米国がパリ協定に正式復帰、4月に気候変動サミットを主催

(米国)

ニューヨーク発

2021年02月24日

米国は2月19日、地球温暖化対策の世界的枠組みの「パリ協定」に正式復帰した。バイデン大統領は就任直後の1月20日にパリ協定への復帰を決定し、国連に通知していたが(バイデン氏が米ブラック ジャック)、同協定の規定により、通知から30日経過後の2月19日に正式に復帰が認められた。

協定に復帰した2月19日、バイデン大統領は、G7首脳会議後に参加したミュンヘン安全保障会議でのオンライン演説外部サイトへ、新しいウィンドウで開きますで気候変動問題に触れて、パリ協定復帰を強調するとともに、地球の日(4月22日)に気候変動サミットを主催することに言及した(2021年2月22日記事参照)。ブリンケン国務長官も声明外部サイトへ、新しいウィンドウで開きますで、「気候変動と科学外交はわが国の外交政策の議論において二度と付随扱いにすることはない」「これらは国家安全保障や移民、国際的な公衆衛生の向上、経済外交、貿易交渉において不可欠なものだ」と述べた。

また、ケリー気候変動担当大統領特使は同日の国連のオンラインイベントにおいて、「パリ協定だけでは不十分だ」「各国が今後10年間、また30年間のロードマップを実質的に定義しなければならない」と述べた。さらに、4月に主催する気候サミットを念頭に、「われわれは、地球の温度上昇を1.5度までに抑制するために、今後10年間に必要となる行動を決定し、2050年までのカーボンネットゼロ達成のために何ができるのか、より良いビジョンを作成していく」とした。
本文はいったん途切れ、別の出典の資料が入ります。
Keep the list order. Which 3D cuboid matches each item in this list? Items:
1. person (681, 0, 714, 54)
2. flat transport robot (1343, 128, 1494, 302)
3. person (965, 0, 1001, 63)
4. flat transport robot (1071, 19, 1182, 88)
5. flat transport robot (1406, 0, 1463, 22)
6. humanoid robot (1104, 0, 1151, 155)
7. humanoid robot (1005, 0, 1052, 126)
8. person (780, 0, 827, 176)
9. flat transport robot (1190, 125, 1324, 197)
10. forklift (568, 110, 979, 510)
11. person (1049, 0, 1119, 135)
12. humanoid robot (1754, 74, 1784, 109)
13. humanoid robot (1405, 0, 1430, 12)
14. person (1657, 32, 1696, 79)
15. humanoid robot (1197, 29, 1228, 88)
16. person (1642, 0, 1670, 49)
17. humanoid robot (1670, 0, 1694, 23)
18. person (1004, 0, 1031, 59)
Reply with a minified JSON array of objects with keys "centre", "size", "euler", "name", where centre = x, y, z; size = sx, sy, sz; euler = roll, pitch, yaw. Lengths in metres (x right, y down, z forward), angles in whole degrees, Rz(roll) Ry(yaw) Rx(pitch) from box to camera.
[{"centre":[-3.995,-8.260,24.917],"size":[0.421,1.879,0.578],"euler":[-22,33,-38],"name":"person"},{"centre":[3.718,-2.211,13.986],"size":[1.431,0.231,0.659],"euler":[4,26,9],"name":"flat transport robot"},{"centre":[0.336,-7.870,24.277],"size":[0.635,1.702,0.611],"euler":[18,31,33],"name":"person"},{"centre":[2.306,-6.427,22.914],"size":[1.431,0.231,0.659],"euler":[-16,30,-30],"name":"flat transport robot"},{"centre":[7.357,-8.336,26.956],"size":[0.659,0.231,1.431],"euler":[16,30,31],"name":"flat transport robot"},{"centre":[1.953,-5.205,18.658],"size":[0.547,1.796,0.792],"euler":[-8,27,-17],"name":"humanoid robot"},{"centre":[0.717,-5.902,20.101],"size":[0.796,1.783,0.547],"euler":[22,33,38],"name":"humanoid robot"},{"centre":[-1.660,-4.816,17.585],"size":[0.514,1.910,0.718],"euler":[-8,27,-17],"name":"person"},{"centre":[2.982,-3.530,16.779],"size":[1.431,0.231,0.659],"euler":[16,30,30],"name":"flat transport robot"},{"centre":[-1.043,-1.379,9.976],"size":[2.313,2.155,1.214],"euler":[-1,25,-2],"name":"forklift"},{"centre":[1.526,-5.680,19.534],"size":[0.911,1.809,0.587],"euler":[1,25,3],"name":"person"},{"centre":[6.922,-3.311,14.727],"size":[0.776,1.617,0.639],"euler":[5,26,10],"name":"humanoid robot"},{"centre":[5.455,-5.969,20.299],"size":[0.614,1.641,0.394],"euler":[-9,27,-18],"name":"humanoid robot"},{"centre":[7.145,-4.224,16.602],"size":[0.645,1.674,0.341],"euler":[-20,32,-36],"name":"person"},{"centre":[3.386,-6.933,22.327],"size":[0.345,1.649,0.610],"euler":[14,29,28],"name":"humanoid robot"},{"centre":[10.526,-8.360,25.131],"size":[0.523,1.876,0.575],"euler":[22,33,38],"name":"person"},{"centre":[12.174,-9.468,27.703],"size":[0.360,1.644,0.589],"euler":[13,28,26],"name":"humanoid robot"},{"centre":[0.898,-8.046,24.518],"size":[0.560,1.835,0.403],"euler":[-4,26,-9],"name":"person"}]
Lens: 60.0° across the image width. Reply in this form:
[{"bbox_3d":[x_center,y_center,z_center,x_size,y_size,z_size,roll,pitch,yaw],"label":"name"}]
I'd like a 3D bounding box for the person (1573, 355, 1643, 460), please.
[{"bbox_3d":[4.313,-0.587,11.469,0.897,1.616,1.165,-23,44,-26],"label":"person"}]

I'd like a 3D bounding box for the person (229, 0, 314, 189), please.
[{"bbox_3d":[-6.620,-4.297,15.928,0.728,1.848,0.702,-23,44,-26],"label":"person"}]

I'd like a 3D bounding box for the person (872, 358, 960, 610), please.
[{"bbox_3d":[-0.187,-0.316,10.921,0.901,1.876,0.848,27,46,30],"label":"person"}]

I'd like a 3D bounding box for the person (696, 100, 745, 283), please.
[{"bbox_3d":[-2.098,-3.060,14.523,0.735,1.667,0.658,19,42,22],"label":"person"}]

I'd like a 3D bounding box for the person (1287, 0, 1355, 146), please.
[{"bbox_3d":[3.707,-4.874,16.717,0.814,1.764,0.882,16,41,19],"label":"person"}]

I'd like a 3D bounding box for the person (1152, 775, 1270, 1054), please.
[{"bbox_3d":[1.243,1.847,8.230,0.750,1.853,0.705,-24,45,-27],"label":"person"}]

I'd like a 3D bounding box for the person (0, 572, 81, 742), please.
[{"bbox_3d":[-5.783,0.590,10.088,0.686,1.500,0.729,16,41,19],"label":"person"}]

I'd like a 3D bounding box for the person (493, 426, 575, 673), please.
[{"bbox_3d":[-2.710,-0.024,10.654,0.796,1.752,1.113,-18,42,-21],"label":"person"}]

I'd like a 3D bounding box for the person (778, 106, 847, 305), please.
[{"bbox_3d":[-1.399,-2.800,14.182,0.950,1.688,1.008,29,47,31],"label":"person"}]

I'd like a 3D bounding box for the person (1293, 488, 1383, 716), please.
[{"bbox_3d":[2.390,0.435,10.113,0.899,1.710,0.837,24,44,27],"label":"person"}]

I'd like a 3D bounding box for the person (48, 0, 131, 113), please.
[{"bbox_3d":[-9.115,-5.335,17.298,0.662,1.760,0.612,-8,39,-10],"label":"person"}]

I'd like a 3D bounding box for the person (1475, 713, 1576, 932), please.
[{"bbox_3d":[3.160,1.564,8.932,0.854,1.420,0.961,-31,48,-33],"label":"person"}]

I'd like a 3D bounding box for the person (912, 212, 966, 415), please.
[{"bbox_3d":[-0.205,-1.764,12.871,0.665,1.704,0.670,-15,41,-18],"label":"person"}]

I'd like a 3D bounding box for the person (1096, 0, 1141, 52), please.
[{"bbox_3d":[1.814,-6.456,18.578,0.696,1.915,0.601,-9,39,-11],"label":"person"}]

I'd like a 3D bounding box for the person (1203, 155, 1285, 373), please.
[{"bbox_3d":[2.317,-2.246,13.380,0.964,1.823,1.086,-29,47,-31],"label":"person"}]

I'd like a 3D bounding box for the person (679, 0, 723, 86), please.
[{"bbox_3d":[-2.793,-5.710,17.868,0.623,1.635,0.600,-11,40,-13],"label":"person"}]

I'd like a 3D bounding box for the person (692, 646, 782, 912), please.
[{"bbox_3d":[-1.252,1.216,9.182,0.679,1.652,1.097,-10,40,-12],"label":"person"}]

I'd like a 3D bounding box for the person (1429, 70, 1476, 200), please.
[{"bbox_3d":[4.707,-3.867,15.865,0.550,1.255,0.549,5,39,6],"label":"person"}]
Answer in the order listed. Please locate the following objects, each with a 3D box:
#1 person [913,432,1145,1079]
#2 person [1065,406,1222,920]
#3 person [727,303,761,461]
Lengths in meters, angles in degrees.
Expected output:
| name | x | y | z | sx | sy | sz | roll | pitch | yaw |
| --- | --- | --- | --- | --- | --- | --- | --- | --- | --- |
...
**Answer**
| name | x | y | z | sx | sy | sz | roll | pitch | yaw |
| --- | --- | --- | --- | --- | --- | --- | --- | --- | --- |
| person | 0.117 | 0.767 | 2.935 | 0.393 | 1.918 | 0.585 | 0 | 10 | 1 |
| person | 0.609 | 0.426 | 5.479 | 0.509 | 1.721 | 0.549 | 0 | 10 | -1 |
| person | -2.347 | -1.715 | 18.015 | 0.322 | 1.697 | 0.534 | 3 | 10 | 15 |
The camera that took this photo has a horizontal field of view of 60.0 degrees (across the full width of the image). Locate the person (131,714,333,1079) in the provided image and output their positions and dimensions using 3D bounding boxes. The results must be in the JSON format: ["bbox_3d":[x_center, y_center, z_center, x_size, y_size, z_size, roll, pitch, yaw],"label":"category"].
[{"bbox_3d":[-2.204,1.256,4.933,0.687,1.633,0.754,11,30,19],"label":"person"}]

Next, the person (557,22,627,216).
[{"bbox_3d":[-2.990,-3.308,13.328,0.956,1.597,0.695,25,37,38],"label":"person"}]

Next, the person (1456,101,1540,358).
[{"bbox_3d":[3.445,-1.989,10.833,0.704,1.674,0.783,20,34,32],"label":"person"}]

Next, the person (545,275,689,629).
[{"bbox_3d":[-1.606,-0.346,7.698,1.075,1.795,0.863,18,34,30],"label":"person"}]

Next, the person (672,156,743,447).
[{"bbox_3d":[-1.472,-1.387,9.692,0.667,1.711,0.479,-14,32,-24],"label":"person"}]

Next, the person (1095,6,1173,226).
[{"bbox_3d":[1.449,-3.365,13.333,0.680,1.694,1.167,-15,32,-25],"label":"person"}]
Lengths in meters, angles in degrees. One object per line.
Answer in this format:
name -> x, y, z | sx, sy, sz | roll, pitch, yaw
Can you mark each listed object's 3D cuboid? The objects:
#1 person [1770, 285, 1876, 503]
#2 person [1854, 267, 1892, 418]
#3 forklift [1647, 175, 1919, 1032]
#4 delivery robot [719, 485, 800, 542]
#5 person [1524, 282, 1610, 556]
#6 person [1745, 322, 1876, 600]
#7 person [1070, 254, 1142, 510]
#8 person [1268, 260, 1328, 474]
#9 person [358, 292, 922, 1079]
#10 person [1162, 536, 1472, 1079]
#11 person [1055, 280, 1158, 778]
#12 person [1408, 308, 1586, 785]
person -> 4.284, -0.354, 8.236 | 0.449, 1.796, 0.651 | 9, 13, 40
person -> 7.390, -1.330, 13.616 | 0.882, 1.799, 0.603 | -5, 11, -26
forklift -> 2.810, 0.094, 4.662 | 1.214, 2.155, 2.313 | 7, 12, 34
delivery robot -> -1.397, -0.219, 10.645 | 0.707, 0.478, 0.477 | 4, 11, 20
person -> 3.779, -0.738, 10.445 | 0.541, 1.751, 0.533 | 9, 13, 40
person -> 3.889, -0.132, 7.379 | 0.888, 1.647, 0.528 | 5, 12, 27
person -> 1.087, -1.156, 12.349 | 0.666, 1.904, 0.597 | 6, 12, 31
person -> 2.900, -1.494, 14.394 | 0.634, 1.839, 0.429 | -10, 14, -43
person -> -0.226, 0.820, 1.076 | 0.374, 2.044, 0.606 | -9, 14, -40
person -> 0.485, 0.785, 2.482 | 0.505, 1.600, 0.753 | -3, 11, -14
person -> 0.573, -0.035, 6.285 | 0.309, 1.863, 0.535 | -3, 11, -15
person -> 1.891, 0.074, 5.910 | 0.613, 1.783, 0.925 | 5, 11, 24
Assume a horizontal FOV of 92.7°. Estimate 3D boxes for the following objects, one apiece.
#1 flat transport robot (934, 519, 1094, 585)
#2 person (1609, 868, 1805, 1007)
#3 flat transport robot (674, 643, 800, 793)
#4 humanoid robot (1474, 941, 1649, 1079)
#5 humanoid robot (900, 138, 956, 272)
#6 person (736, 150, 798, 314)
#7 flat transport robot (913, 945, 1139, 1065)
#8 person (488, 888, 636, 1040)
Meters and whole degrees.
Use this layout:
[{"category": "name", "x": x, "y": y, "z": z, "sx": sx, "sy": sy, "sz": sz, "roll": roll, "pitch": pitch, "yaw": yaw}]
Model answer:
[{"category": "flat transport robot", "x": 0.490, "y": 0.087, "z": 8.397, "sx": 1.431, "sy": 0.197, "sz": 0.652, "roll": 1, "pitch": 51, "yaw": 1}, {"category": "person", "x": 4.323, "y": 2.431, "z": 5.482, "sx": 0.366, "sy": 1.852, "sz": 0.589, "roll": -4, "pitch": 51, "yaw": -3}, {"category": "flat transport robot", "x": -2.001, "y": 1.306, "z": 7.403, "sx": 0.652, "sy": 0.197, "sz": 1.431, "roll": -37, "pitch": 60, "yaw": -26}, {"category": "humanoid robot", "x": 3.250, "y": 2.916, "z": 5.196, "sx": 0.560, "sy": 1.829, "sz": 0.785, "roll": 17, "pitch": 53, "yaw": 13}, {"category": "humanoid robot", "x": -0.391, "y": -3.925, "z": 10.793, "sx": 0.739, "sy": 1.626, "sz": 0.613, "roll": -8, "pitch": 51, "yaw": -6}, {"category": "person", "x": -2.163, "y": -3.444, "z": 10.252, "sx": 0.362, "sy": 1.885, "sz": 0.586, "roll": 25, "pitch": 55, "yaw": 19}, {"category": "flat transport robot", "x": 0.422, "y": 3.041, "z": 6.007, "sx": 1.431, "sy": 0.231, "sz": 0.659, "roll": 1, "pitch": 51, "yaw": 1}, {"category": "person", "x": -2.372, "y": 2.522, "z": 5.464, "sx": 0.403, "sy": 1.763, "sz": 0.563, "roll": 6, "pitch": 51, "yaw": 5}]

オバマ政権時には、2025年までに米国の排出量を2005年比で26~28%削減するという目標が掲げられていたが、一部報道では、バイデン政権は新たな目標を作成しているところで、4月22日の気候変動首脳サミットで同目標を発表する予定と当局関係者が述べたとされる。こうした環境政策を推進していく陣容として、元環境保護長官のジーナ・マッカーシー氏が、主に国内の気候問題に焦点を当てた国家気候担当大統領補佐官に任命された。そのほか、環境保護長官にはノースカロライナ州環境品質局の長官を務めたマイケル・リーガン氏が、エネルギー長官にはミシガン州知事時代に環境政策を推し進めてきたジェニファー・グランホルム氏が、それぞれ閣僚候補として議会の承認手続き待ちとされており、こうした人選も含め、バイデン政権の今後の環境政策運営が注目される。